The following piece, by ICBA Chief Economist Jock Finlayson and consulting economist Ken Peacock, was first published in Business in Vancouver on March 19, 2026.
The economic crisis gripping British Columbia’s forest industry shows no signs of easing. As the landlord and owner of the vast majority of forested land in the province as well as the regulator that largely determines how the industry operates, the provincial government is in the firing line as mills close and thousands of jobs disappear in the various segments of the sector – logging, wood products manufacturing, and pulp and paper production.
Whenever questions arise about the calamity unfolding in forestry, the Premier and his hapless Minister of Forests are quick to finger U.S. tariffs as the culprit. In reality, the unprecedented downturn in B.C.’s forestry sector has three main causes. American tariffs are one of them. Unfortunately, history teaches that there is little B.C. can do to influence the course of U.S. trade policy. The other two factors pummeling the industry are primarily “home-grown” problems that reflect decisions made in Victoria: (i) a stunning decline in the supply of fibre, and (ii) the emergence, over time, of an increasingly complex, costly, and ever-changing regulatory environment. Together, these trends have made British Columbia a virtual “no-go” zone in which to deploy capital across all parts of the forest industry supply chain.
B.C.’s softwood lumber exports to the U.S.— and other markets—have been grinding lower since 2016. By 2024, before Donald Trump returned to office, B.C.’s southbound softwood lumber exports had plunged by 42 per cent compared to 2016. The Trump-driven expansion of softwood tariffs contributed to a further 14 per cent y/y reduction last year.
From a broader Canadian perspective, the sharp downturn in lumber exports is unique to B.C. In the rest of Canada, softwood exports to the U.S. trended higher until last year, when they fell under the weight of increased American tariffs and sluggish U.S. housing starts.

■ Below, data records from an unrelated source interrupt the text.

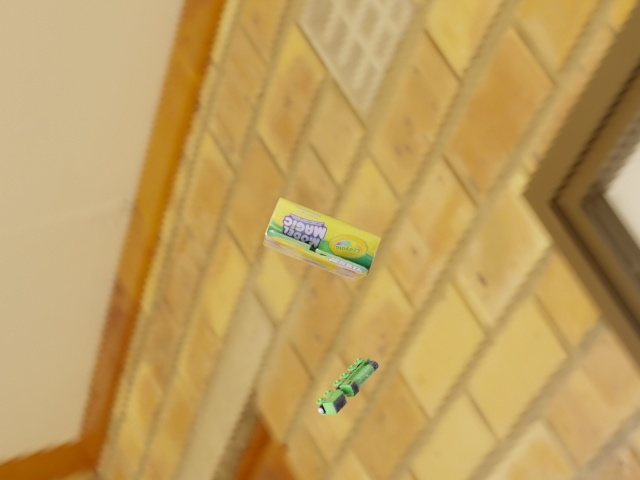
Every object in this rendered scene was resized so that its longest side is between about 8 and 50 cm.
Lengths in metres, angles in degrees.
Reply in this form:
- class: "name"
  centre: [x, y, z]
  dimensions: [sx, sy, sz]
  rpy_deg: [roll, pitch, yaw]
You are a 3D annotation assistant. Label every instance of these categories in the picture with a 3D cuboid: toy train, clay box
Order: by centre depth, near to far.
- class: "toy train"
  centre: [0.025, 0.129, 1.549]
  dimensions: [0.024, 0.017, 0.083]
  rpy_deg: [-8, 24, 40]
- class: "clay box"
  centre: [0.000, 0.000, 2.056]
  dimensions: [0.222, 0.127, 0.053]
  rpy_deg: [130, 162, -84]

The relative stability and very modest decline of lumber exports from other provinces stand in stark contrast to the staggering drops in production volumes and exports in B.C. Pretending that mill closures, escalating job losses, and capital flight from the forest industry are due to U.S. tariffs conveniently ignores the role that political and policy choices in Victoria have played in the ongoing demise of what used to be British Columbia’s biggest export industry.
In addition to decrying the Trump Administration’s tariffs, recent spin from the Eby government has emphasized the importance of nurturing alternative markets for the province’s forest products. That makes sense. But the numbers indicate that diversification will be a hard road. Dire financial conditions in the industry, a shrinking fibre supply, and growing chaos and uncertainty on the land base owing to the NDP’s incompetently executed “reconciliation agenda” all suggest that building non-U.S. export markets will be neither quick nor easy. The same domestic policy choices that have made B.C. uncompetitive vis-à-vis other North American lumber producing regions have also hurt our ability to sell profitably to offshore markets.
Indeed, B.C.’s softwood lumber exports to all non-U.S. markets combined have plummeted since 2016. Specifically, wood products exports to China have collapsed by 80 per cent while shipments to Japan are down by more than 60 per cent from 2016 levels. There are a number of reasons for these pronounced declines in offshore shipments, but the poor “hosting conditions” for investment as well as logging activity and lumber production in B.C. are a central part of the explanation.
In 2025, the United States purchased 75 per cent of B.C. softwood exports. China accounted for 9.6 per cent and Japan for 6.8 per cent. Given the dominance of the U.S. market and the erosion of Asian demand for B.C. wood products, significantly moving the dial on diversification is a daunting prospect, particularly in the near-term. While the government is right to encourage market diversification, more pressing tasks for B.C.’s stumbling policymakers are to boost fibre supply and overhaul regulatory and administrative practices to reduce operating costs and narrow the competitiveness gaps that have opened up between B.C. and other North American producing jurisdictions.